Насмехаясь над народолюбцами и самые сильные, хотя и несправедливо резкие свои статьи посвятив как раз тем литераторам, что идут не «от культуры», а «от почвы», Александр Агеев тоже ведь нуждался в среде и опоре. Раз и навсегда найдя ее в собственном сословии — в аристократах мысли, какими можно оставаться и на каторге, и у конвейера. Слово «интеллигенция», конечно, табуировано, но мы ведь и по умолчанию понимаем, о ком идет речь.
Тем горше было Сашино разочарование в нас с вами, в своих по крови, по прочтенным (и написанным) книгам и, что естественно, в себе самом тоже.
Помню, как в кухонном разговоре позднесоветских лет жена моего приятеля-прозаика, тогда совсем не издававшегося, а ныне повсеградно оэкраненного, вгорячах сказала: «Все ему советуют: продайся. Так было бы за что продаваться! За поездку в Чехословакию, за развалюху в Переделкине? А я вот хочу, чтобы у меня лошадь была своя. И даже имя ей придумала: Ксантиппа».
Так вот. Многие, слишком многие из тех, кто в те баснословные года не уступил первородство за чечевичную похлебку, отдали его за Ксантиппу. Соблазненные кто властью (там тоже ведь есть теперь приличные люди), кто тиражами и гонорарами (они же за работу, за талант, а не по разнарядке), кто страстной и щедрой симпатией западных фондов.

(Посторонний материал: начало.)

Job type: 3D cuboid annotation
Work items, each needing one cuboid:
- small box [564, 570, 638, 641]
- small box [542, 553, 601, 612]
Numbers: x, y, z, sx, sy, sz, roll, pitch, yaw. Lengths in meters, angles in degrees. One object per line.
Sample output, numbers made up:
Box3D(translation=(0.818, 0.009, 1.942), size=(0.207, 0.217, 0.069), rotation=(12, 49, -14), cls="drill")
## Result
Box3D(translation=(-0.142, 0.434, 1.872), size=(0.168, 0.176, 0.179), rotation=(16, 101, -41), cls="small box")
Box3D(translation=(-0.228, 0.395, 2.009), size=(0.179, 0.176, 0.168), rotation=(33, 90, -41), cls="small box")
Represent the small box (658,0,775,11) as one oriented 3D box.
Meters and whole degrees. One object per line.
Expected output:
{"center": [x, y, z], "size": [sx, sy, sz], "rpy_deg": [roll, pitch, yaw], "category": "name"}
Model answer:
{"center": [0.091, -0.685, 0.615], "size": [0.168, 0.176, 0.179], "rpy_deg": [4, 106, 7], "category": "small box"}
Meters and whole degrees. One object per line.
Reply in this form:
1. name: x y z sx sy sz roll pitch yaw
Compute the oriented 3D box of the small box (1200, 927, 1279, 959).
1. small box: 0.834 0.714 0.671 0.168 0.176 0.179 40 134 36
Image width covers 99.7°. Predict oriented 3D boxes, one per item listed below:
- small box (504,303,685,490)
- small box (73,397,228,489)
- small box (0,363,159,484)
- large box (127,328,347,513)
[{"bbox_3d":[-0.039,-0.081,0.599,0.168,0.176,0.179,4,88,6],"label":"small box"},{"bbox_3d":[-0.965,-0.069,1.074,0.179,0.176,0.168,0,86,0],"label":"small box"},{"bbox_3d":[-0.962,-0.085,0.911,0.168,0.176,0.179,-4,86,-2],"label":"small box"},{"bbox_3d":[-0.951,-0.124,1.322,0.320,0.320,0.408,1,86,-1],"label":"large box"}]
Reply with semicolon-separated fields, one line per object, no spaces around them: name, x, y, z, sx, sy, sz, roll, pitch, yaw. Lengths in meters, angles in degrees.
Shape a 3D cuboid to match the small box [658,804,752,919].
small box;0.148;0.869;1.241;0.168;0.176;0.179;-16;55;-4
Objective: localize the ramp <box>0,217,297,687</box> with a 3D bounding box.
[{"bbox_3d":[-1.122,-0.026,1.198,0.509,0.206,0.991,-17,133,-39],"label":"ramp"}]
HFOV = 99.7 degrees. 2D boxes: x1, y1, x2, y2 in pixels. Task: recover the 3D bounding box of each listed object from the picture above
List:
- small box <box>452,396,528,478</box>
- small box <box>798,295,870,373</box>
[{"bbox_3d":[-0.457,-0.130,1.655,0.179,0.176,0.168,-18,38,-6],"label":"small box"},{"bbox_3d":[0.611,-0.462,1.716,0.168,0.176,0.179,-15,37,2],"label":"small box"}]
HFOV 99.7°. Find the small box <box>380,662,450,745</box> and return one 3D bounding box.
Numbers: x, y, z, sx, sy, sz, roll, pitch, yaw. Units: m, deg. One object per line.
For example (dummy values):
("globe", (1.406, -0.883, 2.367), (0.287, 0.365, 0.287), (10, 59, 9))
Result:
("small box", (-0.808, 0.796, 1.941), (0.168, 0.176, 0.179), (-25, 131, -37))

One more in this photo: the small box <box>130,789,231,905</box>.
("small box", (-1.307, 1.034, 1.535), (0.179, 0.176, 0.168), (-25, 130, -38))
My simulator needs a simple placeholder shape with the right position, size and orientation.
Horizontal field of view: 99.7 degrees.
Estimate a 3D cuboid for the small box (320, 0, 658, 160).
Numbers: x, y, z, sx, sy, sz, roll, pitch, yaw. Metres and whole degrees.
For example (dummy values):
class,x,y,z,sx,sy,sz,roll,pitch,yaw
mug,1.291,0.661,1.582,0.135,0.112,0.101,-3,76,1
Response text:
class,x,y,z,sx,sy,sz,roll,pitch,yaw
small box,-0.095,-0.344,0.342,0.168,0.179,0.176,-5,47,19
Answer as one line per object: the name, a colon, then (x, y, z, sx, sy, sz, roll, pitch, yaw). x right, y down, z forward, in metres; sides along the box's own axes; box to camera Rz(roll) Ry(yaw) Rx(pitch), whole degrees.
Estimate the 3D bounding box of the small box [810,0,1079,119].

Сашу это бесило — особенно в последние годы.
«…Жизнь у меня всякая была — и удачная, и неудачная. Одно могу с уверенностью сказать: ласковым теленком, который всех маток сосет, вроде бы никогда не был, к ручкам ничьим не прикладывался, улыбку изображать себя не заставлял даже ради дела».
Сказано о себе. И, может быть, сказано чересчур заносчиво, высокомерно. Но тайное высокомерие вообще было в Сашиной природе.